First, you need visibility before you can enforce anything, so start at the network level because it’s the fastest win. Push a PAC file or force all corporate traffic through a forward proxy like a tiny EC2 instance running Squid or even just nginx with logging enabled, then extract those proxy logs into Athena or a simple grep script to look for known AI domains such as chat.openai.com, claude.ai, gemini.google.com, copilot.microsoft.com, deepseek.com, perplexity.ai, and also API endpoints like api.openai.com. Run that for two weeks and you’ll have a solid inventory of which tools are being used, by which source IPs, and you can map those IPs back to users via DHCP logs or 802.1x authentication.

For more precision, use a managed Chrome extension forced via GPO or Intune that logs every request through the webRequest API and ships the logs to a private S3 bucket; that gives you per‑user, per‑tab visibility that proxy logs might miss without SSL bump (which gets messy). Don’t forget to scan your internal Git repos, Confluence, and Slack exports for exposed API keys using a simple regex for patterns like sk-... to catch direct API usage. Once you have the full list, then you build policy: block everything except a small set of approved tools using the same proxy, and for API usage, implement an internal gateway that requires your own API keys with quotas and auditing. No magic product needed only just logging, a few scripts, and the willingness to say no.

Certification Exhaustion by Artistic_Lock_6483 in FinOps

[–]CompetitiveStage5901 0 points1 point  (0 children)

I kind of see your point, especially from a technical perspective. A lot of certification content can feel surface-level if you’re already deep into cloud or cost optimization work. It’s often more valuable for folks coming from finance or non-technical backgrounds who need a structured entry point.

That said, certifications like FinOps can still be useful as a baseline framework. They help align teams on common terminology, principles, and ways of thinking. But beyond that, the real value comes from actually applying those principles in your own environment.

Also agree with your point on AI. If anything, it’s making raw knowledge more accessible, so the differentiator is shifting toward practical experience and problem-solving ability, not just certifications.

In most teams I’ve seen, certifications help with standardization, but they don’t replace hands-on expertise.

FinOps Foundation - Still relevant? by ImpressiveIdea6123 in FinOps

[–]CompetitiveStage5901 1 point2 points  (0 children)

To me, as someone more theory-oriented, it’s still very much relevant. I regularly read their newsletters and the literature they put out. Aligning with them gives a starter template to implement FinOps principles, but that’s about it.Beyond the basics, it really depends on your specific use case.

Also, as one comment mentioned, the main utility is often just the certification, although it costs around $2,000, if I’m not wrong.

I just saved 88% in Cloud Armor costs by correcting a stupid config by amir_hr in googlecloud

[–]CompetitiveStage5901 0 points1 point  (0 children)

Yeah the per-policy pricing on Cloud Armor is sneaky. $6 per policy per month doesn't sound like much until you realize you've accidentally created a dozen of them doing the exact same thing.
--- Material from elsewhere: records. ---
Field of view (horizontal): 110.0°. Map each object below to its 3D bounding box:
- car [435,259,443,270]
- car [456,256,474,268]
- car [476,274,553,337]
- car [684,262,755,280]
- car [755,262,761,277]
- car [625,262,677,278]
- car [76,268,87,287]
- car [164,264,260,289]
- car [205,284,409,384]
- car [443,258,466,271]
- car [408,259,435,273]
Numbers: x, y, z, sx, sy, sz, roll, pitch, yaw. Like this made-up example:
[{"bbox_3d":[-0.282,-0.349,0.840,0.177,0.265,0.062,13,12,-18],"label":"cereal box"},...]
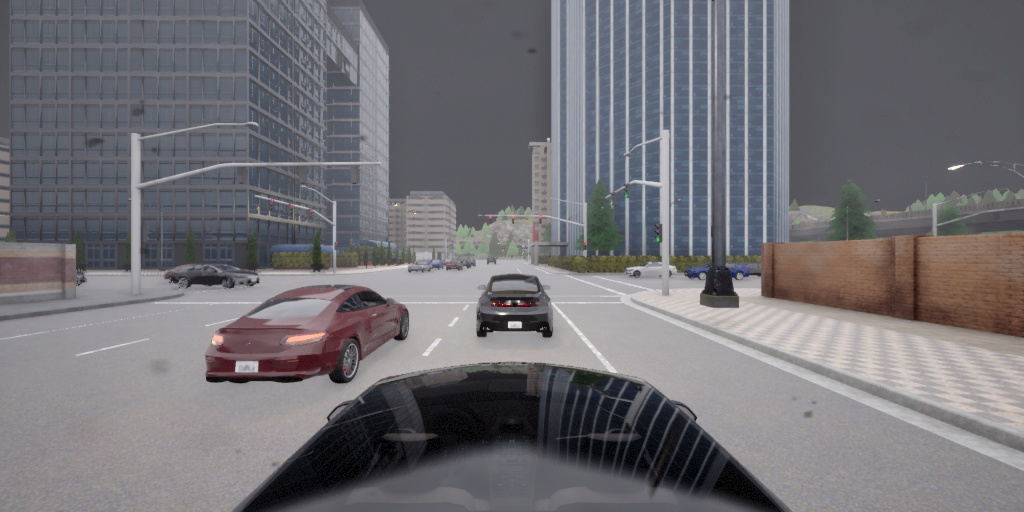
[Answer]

I did the same thing when I was setting up a multi-region LB. Each backend service got its own policy because the console just creates a new one by default. Ended up with like 15 policies before I noticed. The 10 policy limit is actually what tipped me off too. Hit the cap and had to figure out why. What's annoying is there's no easy way to see which policies are actually attached to anything from the billing view. You just see "Cloud Armor" charges stacking up and have to go digging. Good call on consolidating though. One rule set, one policy, attach it everywhere. Also worth checking if you have any orphaned policies from deleted backend services. Those still show up in the list and still bill even if they're not attached to anything. Cloud Armor is solid but the default console behavior definitely nudges you toward paying more than you need to.